The remnants of that voicelessness still sits in the back seat of our bus of expressive power but when Twitter came along it felt like a change to me. I could tweet out to @BillGates (and have). I could tweet to @nytimes and its reporters and have. I have tweeted with Ivanka Trump. Reached out to @llcoolj and more important to me, I can now tweet with all admired black intellectuals and professors who are on Twitter whom I would rarely would have had contact before Twitter. These people include @newblackman aka Mark Anthony Neal at Duke, @imaniperry at Princeton, @eddieglaude, @dumilewis, @mharrisperry aka Melissa Harris Perry of Princeton and an MSNBC contributor and many, many more. Black faculty are less than 3% of the entire professoriate in the United States so I value this mode of interaction that defies are separation we often experience as the only one in our department, division or school.

What prompted this post today? Or as many men I know would say, "what's the point?" Owning the power of the word as a blogger and a Twitter curator with a Ph.D. or a claim to being a TED Fellow. So here's the deal:

Yesterday I clicked a link in a tweet from my roommate @corvida about a black mother being convicted for sending her kids to a high-achieving school. Kelley Williams-Bolar was found guilty of two 3rd-degree felonies for falsifying RESIDENCY records in Ohio. I was appalled. She was caught sending her daughters to a high achieving school in the district where her kids' father lived rather than the schools near her subsidized housing. The judge actually wanted to give her two consecutive five-year sentences and reduced it to 10 days in prison and THREE YEARS on probation plus 80 hours of community service. WT..??! As a result of two felony convictions, Williams-Bolar is being denied completing her teacher training certification. A better job thwarted because she did what so many parents do all the time here in NYC.

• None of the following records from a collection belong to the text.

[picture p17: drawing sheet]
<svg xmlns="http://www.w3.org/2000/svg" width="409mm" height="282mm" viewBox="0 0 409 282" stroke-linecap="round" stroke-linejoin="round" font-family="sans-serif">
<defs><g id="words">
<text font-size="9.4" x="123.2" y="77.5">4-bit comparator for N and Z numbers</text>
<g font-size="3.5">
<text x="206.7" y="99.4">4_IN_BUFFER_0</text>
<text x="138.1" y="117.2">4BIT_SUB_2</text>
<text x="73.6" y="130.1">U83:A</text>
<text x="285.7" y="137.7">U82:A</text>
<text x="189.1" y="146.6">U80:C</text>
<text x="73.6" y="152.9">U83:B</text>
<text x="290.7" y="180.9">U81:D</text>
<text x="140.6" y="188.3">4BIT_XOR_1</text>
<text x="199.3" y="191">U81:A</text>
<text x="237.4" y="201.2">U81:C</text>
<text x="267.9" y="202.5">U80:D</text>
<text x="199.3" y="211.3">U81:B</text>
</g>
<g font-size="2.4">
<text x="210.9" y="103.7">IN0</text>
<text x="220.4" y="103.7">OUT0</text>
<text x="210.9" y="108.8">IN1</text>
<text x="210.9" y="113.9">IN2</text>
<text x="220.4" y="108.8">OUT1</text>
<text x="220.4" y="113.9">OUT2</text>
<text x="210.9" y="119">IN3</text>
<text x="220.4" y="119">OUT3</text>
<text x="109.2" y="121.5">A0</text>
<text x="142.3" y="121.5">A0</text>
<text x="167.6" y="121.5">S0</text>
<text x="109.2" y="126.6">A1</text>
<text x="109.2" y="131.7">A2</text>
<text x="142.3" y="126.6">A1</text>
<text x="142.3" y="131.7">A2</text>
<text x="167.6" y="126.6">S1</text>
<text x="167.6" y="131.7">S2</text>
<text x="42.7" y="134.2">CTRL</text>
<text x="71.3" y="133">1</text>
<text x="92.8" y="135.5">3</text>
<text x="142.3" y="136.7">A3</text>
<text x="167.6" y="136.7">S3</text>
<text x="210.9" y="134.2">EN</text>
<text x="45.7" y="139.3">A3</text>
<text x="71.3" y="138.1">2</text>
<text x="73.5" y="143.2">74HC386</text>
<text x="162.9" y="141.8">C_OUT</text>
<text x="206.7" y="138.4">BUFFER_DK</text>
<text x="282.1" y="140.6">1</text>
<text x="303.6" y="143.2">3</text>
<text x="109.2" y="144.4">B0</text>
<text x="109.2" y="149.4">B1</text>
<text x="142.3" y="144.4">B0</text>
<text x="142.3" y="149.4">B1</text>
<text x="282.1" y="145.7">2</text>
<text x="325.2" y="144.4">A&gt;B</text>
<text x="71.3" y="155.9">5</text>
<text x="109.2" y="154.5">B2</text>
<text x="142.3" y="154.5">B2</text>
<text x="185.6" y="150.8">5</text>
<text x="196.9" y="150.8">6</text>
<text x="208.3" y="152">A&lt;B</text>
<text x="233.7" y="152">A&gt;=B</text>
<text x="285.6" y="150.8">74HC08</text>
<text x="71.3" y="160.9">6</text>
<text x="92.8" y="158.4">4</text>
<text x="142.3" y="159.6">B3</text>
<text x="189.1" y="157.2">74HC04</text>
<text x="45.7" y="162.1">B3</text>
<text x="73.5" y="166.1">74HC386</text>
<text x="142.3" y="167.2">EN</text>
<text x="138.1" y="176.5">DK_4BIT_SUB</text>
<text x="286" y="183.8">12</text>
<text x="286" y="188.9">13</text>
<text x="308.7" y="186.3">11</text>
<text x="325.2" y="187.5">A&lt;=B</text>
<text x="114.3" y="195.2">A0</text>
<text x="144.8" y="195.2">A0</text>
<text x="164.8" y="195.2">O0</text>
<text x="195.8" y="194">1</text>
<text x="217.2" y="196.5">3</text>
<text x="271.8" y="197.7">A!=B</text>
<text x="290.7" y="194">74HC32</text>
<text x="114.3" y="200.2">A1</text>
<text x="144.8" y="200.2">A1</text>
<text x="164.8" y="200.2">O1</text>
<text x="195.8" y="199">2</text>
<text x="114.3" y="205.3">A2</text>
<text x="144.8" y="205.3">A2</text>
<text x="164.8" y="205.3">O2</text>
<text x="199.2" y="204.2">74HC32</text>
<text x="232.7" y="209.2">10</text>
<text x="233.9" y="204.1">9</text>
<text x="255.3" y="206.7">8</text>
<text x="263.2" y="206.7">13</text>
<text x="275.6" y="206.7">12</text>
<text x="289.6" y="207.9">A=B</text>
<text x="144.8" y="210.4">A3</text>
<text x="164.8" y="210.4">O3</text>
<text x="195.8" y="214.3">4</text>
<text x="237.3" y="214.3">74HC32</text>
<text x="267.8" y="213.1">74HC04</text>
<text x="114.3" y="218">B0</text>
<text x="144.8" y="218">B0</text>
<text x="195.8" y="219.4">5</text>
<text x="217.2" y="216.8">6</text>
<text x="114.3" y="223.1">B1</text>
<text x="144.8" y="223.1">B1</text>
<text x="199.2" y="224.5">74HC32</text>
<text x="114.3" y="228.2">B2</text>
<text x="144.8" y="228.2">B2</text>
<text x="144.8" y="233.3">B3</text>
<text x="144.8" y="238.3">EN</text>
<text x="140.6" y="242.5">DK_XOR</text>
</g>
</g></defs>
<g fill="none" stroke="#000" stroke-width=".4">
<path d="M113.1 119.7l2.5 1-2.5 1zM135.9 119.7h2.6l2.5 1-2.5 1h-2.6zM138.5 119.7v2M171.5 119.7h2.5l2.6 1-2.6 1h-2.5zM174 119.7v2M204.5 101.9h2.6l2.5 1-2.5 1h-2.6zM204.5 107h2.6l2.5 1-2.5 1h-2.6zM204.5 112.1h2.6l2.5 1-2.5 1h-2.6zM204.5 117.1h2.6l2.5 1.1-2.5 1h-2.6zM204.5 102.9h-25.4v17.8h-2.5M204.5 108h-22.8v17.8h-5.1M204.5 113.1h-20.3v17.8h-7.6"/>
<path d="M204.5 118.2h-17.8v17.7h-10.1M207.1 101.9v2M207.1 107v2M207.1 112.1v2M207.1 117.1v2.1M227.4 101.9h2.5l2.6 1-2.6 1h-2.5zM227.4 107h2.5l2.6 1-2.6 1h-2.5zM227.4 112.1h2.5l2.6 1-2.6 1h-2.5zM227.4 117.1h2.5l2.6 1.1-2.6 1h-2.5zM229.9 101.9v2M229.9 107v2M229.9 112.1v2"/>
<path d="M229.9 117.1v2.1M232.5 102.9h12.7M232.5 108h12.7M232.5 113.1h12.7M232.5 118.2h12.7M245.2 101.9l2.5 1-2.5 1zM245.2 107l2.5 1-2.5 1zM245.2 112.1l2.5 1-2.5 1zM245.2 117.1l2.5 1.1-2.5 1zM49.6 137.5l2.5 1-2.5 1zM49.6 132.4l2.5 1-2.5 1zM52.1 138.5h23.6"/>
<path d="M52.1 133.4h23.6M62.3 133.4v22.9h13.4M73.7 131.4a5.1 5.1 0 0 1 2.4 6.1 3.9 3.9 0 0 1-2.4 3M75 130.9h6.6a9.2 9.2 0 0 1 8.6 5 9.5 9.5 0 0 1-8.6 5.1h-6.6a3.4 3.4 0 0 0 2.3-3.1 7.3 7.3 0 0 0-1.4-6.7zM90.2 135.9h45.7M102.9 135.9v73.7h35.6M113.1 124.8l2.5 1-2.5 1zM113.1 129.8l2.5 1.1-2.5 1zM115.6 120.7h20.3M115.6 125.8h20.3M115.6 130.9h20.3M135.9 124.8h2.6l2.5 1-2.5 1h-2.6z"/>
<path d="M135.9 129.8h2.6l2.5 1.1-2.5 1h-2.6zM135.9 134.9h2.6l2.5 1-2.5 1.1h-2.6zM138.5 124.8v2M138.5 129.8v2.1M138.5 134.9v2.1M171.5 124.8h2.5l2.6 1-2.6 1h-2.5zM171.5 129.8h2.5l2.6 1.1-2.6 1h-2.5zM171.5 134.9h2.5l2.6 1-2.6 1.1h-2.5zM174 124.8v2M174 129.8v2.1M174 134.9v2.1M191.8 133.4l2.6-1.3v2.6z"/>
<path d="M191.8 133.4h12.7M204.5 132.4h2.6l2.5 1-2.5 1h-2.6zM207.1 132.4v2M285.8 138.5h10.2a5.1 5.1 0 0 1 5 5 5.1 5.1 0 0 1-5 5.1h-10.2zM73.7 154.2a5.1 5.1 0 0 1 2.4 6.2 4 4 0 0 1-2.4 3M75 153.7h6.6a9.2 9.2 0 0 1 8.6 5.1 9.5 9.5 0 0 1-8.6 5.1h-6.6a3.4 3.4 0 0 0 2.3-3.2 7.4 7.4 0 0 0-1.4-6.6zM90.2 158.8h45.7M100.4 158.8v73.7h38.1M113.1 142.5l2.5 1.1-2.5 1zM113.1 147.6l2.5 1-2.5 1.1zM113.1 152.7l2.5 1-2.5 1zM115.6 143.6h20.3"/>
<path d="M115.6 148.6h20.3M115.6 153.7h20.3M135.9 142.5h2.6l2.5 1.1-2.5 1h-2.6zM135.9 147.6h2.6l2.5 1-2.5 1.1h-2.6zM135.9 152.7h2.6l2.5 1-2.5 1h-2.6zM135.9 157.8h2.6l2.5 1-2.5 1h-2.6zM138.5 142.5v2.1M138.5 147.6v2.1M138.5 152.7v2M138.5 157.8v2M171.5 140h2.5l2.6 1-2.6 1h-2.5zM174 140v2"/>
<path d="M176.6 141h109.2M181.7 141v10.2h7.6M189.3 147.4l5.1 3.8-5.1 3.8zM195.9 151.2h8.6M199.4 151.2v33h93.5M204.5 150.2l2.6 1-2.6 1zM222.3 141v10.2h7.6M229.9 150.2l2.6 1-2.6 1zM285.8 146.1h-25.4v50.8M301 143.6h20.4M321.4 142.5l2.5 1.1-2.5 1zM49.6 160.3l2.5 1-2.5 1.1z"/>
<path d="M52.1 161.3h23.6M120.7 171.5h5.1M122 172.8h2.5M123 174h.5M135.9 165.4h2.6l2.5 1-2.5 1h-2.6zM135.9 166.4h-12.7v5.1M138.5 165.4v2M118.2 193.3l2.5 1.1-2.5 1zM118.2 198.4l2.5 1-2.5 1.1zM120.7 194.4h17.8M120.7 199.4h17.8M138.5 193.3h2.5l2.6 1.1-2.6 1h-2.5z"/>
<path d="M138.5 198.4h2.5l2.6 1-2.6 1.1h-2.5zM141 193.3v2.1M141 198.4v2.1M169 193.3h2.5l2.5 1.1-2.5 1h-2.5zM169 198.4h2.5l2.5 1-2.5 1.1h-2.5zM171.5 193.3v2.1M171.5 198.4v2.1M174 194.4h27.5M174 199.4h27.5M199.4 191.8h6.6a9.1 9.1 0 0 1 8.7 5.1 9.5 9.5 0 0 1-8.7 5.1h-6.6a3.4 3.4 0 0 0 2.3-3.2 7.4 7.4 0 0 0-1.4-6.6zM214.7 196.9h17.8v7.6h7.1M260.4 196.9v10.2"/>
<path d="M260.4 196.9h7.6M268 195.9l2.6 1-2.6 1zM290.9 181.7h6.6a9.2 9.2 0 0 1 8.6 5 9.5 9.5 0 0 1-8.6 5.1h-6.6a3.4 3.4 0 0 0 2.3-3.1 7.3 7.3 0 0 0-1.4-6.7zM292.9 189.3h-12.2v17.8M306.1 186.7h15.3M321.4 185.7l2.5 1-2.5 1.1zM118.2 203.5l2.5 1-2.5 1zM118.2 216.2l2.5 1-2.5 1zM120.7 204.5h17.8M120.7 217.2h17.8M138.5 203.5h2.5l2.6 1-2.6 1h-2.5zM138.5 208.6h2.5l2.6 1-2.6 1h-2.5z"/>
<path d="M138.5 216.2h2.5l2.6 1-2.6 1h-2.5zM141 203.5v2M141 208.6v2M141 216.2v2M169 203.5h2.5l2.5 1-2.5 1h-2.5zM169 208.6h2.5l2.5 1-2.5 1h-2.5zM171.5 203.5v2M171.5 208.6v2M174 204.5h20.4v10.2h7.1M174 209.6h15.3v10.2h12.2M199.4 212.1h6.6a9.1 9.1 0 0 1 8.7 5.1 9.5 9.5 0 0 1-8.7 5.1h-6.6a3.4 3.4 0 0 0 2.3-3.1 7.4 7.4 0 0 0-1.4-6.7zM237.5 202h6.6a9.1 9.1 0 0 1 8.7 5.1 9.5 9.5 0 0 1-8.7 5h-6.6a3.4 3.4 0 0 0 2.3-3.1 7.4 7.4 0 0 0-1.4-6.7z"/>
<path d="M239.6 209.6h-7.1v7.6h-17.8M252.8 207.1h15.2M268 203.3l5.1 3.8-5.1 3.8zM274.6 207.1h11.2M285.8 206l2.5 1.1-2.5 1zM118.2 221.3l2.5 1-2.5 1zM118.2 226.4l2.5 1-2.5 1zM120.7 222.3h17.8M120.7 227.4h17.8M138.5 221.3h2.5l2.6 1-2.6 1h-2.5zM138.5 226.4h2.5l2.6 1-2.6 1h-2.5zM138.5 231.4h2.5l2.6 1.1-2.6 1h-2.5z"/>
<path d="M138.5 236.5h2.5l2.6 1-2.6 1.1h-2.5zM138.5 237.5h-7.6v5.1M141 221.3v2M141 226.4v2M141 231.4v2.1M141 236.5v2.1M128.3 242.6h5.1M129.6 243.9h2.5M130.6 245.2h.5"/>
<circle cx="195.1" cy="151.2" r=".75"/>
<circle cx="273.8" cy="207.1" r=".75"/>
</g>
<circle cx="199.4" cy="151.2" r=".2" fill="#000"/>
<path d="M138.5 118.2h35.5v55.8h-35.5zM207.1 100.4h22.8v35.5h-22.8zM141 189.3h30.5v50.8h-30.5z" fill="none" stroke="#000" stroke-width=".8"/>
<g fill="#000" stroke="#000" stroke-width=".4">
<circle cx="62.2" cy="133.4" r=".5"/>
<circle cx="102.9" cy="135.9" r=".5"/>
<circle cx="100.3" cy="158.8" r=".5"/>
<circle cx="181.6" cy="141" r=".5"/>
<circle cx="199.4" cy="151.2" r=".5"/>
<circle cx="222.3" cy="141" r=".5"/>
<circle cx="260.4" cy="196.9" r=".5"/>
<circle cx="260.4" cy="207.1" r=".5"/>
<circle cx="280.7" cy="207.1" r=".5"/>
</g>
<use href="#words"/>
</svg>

This really struck me. I am currently reading in Michelle Alexander's brilliant NYTimes bestseller THE NEW JIM CROW: MASS INCARCERATION IN THE AGE OF COLORBLINDNESS (The New Press, 2010). Alexander opened my eyes to the fact that with a felony conviction in many states a person like Williams-Bolar will become permanently ineligible for any public assistance. She resides in subsidized housing in Ohio. Martha Stewart was not treated as badly. And even if you she was, Stewart could buy herself out of the disenfranchisement of being labeled a felon (and essentially did). Williams-Bolar cannot. Perhaps there is much more to this story but it seems that this was her first offense. What kind of democracy are we living in and under the administration of a black president? That should tell us something about the reality of our current democracy "of the people." If the new Jim Crow tactics are going to be instituted to criminalize a mother for doing a common violation in the name of "doing what's best for her children", why get an education? This is no liberty and death.

Hey Black Twitter!! No, correction. HEY TWITER!! HEY WORLD!!! Let's use our collective social media power to broadcast publicly Williams-Bolar's cause! Our networks are open not closed by laws the punish the wrong folks. Let's use our distributed and diverse networks to reach beyond our immediate anger and reach larger media outlets as well as our politicians. I am tweeting to senators about my concern.